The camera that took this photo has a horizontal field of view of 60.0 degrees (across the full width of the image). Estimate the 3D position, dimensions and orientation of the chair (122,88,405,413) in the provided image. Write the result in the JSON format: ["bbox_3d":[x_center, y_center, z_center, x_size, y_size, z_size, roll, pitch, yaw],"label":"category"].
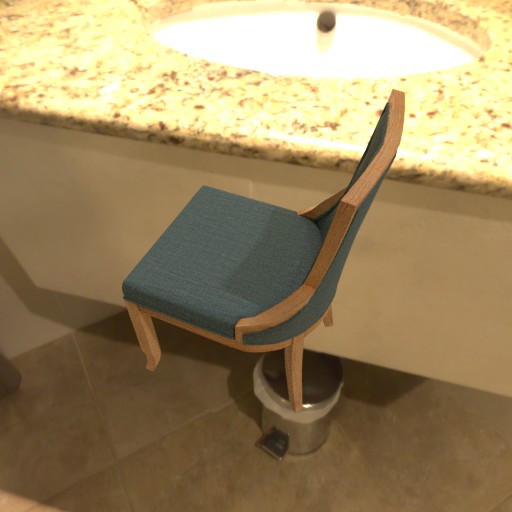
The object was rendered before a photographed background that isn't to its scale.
[{"bbox_3d":[0.000,0.000,1.334,0.641,0.947,0.524,17,49,16],"label":"chair"}]

::::::::::

Work required: All of the material above is to be copied exactly, with no pictures.

Written answer:
The camera that took this photo has a horizontal field of view of 60.0 degrees (across the full width of the image). Estimate the 3D position, dimensions and orientation of the chair (122,88,405,413) in the provided image. Write the result in the JSON format: ["bbox_3d":[x_center, y_center, z_center, x_size, y_size, z_size, roll, pitch, yaw],"label":"category"].
The object was rendered before a photographed background that isn't to its scale.
[{"bbox_3d":[0.000,0.000,1.334,0.641,0.947,0.524,17,49,16],"label":"chair"}]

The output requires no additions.